PingPongProcessor.java

The core of the application is the method PingPongProcessor.runIndefinitely().

This method retrieves a gRPC streaming endpoint using the GetTransactionsRequest request, and then creates a `RxJava <The Underlying Library: RxJava_>`_ StreamObserver, providing implementations of the onNext, onError and onComplete observer methods. RxJava arranges that these methods receive stream events asynchronously.

The method onNext is the main driver, extracting the transaction list from each GetTransactionResponse, and passing in to processTransaction() for processing. This method, and the method processTransaction() implements the application logic.

processTransaction() extracts all creation events from the the transaction and passes them to processEvent(). This produces a list of commands to be sent to the ledger to further the workflow, and these are packages up in a Commands request and sent to the ledger.

processEvent() takes a transaction event and turns it into a stream of commands to be sent back to the ledger. To do this, it examines the event for the correct package and template (it's a create of a Ping or Pong template) and then looks at the receiving part to decide if this processor should respond. If so, an exercise command for the correct choice is created and returned in a Stream.

In all other cases, an empty Stream is returned, indication no action is required.

Output

The application prints statements similar to these:

Bob is exercising RespondPong on #1:0 in workflow Ping-Alice-1 at count 0
Alice is exercising RespondPing on #344:1 in workflow Ping-Alice-7 at count 9

The first line shows that:

• Bob is exercising the RespondPong choice on the contract with ID #1:0 for the workflow Ping-Alice-1.
• Count 0 means that this is the first choice after the initial Ping contract.
• The workflow ID Ping-Alice-1 conveys that this is the workflow triggered by the second initial Ping contract that was created by Alice.

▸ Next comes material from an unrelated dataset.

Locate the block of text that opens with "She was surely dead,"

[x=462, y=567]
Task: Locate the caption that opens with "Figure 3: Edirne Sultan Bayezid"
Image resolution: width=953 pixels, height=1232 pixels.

The second line is analogous to the first one.

The Generated Data Layer

The codegen variant of the client application is similar to its grpc counterpart. Both are written in a traditional imperative style. What sets them apart is the usage of the generated data layer in the former. This layer simplifies construction of the ledger api calls and the analysis of the return values.

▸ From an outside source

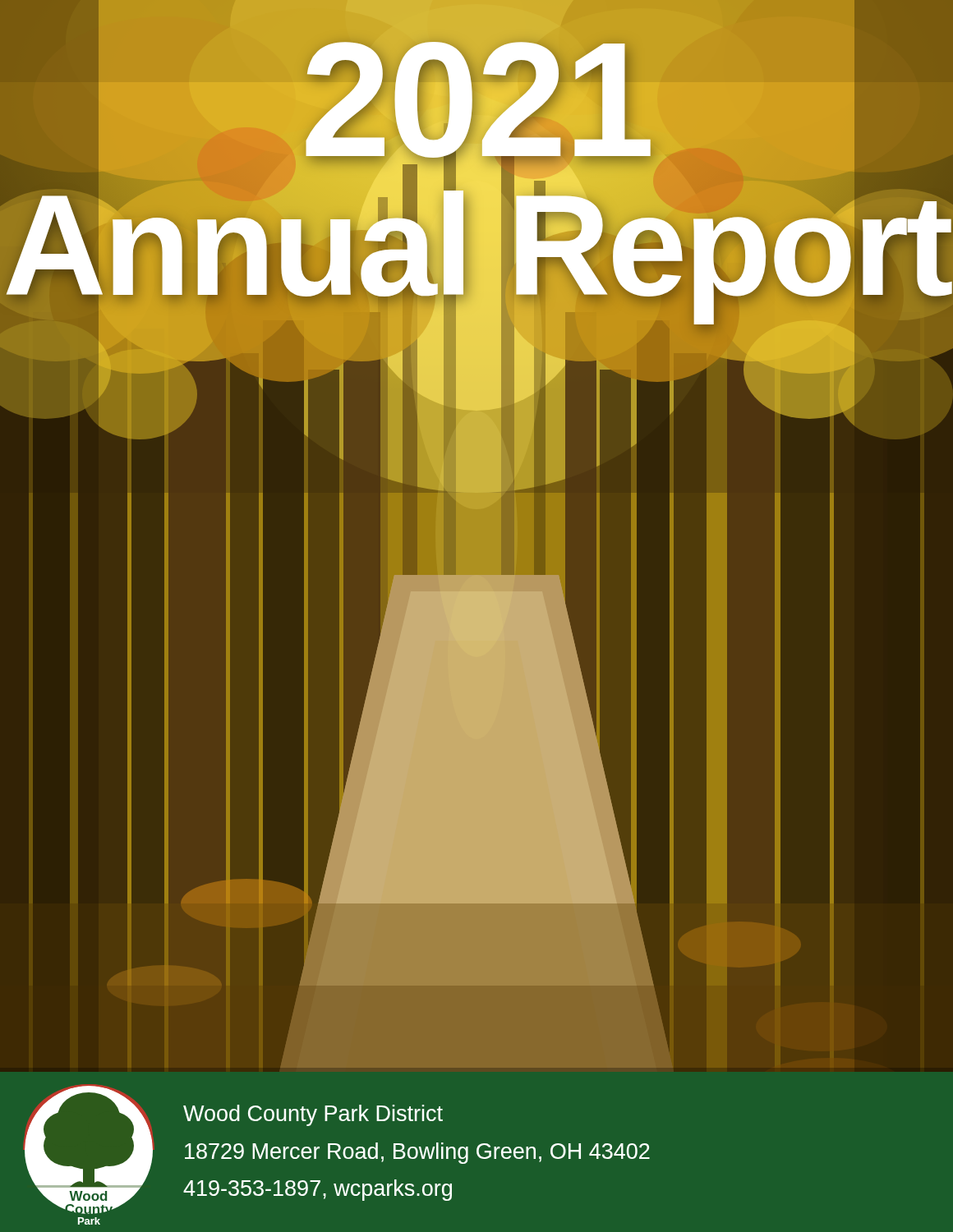The width and height of the screenshot is (953, 1232).
Task: Find the logo
Action: click(x=88, y=1152)

• PingPongMain.createInitialContracts creates a strongly typed instance of a Ping contract and then embeds it in an equally strongly typed CommandsSubmission. Then, it uses the built in toProto methods to convert the request into a wire-ready protobuf structure.
• PingPongProcessor.runIndefinitely creates a per party inclusive filter by invoking a series of class constructors. Contrast this with the intricate process of defining a filter in the analogous method in the grpc variant of the application.
• PingPongProcessor.processEvent starts off by extracting common data fields from the grpc version of the received events, to be later used for logging purposes. Events are then converted to the corresponding data layer format and passed to the individual template handlers.
• PingPongProcessor.processPingPong creates a strongly typed representation of the daml contracts by means of the daml contract companions. A strongly typed instance can be used to create a command representing a desired choice exercise.
• PingPongProcessor.processTransaction is responsible for creating a ledger request enveloping the choice exercises and submitting it to the ledger.